== Segment start ==

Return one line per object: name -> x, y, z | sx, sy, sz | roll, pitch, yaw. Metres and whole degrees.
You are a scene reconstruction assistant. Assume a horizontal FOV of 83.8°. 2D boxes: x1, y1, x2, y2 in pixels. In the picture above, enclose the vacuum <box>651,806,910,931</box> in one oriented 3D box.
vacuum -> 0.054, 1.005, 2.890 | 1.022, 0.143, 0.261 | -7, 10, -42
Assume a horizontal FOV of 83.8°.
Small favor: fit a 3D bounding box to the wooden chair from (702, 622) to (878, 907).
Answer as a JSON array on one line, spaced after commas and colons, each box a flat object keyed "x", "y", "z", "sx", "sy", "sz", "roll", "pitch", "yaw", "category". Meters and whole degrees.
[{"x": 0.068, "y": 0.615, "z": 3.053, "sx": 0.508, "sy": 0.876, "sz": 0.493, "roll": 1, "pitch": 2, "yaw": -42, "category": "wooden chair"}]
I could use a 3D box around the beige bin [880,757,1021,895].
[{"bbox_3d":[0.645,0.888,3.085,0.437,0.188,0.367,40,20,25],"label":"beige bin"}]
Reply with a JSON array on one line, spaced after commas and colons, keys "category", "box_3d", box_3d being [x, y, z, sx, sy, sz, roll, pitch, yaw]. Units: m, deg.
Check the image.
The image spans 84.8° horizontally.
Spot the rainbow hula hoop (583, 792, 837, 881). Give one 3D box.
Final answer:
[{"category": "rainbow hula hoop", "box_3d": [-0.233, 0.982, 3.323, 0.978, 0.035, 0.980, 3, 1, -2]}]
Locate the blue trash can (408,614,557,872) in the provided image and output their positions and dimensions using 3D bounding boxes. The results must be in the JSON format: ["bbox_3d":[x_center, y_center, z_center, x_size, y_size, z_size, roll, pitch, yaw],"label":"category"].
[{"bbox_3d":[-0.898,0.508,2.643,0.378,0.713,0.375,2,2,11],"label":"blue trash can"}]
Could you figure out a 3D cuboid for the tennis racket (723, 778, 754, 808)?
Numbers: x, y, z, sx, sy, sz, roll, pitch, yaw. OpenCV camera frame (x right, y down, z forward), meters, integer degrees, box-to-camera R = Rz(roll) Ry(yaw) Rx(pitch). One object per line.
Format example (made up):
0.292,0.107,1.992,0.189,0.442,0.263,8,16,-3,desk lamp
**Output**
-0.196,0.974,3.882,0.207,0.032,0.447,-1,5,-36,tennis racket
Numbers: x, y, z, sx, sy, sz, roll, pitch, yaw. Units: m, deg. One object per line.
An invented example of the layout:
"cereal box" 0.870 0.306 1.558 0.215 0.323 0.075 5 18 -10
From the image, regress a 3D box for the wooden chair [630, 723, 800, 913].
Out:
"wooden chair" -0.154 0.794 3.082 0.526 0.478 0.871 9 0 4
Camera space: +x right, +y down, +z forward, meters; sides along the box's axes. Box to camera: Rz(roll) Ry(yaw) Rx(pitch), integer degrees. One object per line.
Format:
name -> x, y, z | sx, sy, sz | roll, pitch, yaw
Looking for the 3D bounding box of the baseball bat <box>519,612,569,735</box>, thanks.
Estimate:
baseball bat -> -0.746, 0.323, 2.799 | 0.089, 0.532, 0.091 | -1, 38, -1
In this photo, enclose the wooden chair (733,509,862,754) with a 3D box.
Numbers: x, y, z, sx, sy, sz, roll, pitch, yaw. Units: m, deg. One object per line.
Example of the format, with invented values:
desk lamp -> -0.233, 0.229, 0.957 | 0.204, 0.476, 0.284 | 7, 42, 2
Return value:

== Segment end ==

THE TASK: Each line of the data should be given back exactly.

RESPONSE TO THE EXERCISE:
Return one line per object: name -> x, y, z | sx, sy, sz | roll, pitch, yaw. Metres and whole degrees.
You are a scene reconstruction assistant. Assume a horizontal FOV of 83.8°. 2D boxes: x1, y1, x2, y2 in pixels. In the picture above, enclose the vacuum <box>651,806,910,931</box> in one oriented 3D box.
vacuum -> 0.054, 1.005, 2.890 | 1.022, 0.143, 0.261 | -7, 10, -42
Assume a horizontal FOV of 83.8°.
Small favor: fit a 3D bounding box to the wooden chair from (702, 622) to (878, 907).
Answer as a JSON array on one line, spaced after commas and colons, each box a flat object keyed "x", "y", "z", "sx", "sy", "sz", "roll", "pitch", "yaw", "category". Meters and whole degrees.
[{"x": 0.068, "y": 0.615, "z": 3.053, "sx": 0.508, "sy": 0.876, "sz": 0.493, "roll": 1, "pitch": 2, "yaw": -42, "category": "wooden chair"}]
I could use a 3D box around the beige bin [880,757,1021,895].
[{"bbox_3d":[0.645,0.888,3.085,0.437,0.188,0.367,40,20,25],"label":"beige bin"}]
Reply with a JSON array on one line, spaced after commas and colons, keys "category", "box_3d", box_3d being [x, y, z, sx, sy, sz, roll, pitch, yaw]. Units: m, deg.
Check the image.
The image spans 84.8° horizontally.
Spot the rainbow hula hoop (583, 792, 837, 881). Give one 3D box.
Final answer:
[{"category": "rainbow hula hoop", "box_3d": [-0.233, 0.982, 3.323, 0.978, 0.035, 0.980, 3, 1, -2]}]
Locate the blue trash can (408,614,557,872) in the provided image and output their positions and dimensions using 3D bounding boxes. The results must be in the JSON format: ["bbox_3d":[x_center, y_center, z_center, x_size, y_size, z_size, roll, pitch, yaw],"label":"category"].
[{"bbox_3d":[-0.898,0.508,2.643,0.378,0.713,0.375,2,2,11],"label":"blue trash can"}]
Could you figure out a 3D cuboid for the tennis racket (723, 778, 754, 808)?
Numbers: x, y, z, sx, sy, sz, roll, pitch, yaw. OpenCV camera frame (x right, y down, z forward), meters, integer degrees, box-to-camera R = Rz(roll) Ry(yaw) Rx(pitch). One object per line.
Format example (made up):
0.292,0.107,1.992,0.189,0.442,0.263,8,16,-3,desk lamp
**Output**
-0.196,0.974,3.882,0.207,0.032,0.447,-1,5,-36,tennis racket
Numbers: x, y, z, sx, sy, sz, roll, pitch, yaw. Units: m, deg. One object per line.
An invented example of the layout:
"cereal box" 0.870 0.306 1.558 0.215 0.323 0.075 5 18 -10
From the image, regress a 3D box for the wooden chair [630, 723, 800, 913].
Out:
"wooden chair" -0.154 0.794 3.082 0.526 0.478 0.871 9 0 4
Camera space: +x right, +y down, +z forward, meters; sides along the box's axes. Box to camera: Rz(roll) Ry(yaw) Rx(pitch), integer degrees. One object per line.
Format:
name -> x, y, z | sx, sy, sz | roll, pitch, yaw
Looking for the 3D bounding box of the baseball bat <box>519,612,569,735</box>, thanks.
Estimate:
baseball bat -> -0.746, 0.323, 2.799 | 0.089, 0.532, 0.091 | -1, 38, -1
In this photo, enclose the wooden chair (733,509,862,754) with a 3D box.
Numbers: x, y, z, sx, sy, sz, roll, pitch, yaw. Units: m, deg. One object per line.
Example of the format, with invented values:
desk lamp -> -0.233, 0.229, 0.957 | 0.204, 0.476, 0.284 | 7, 42, 2
Return value:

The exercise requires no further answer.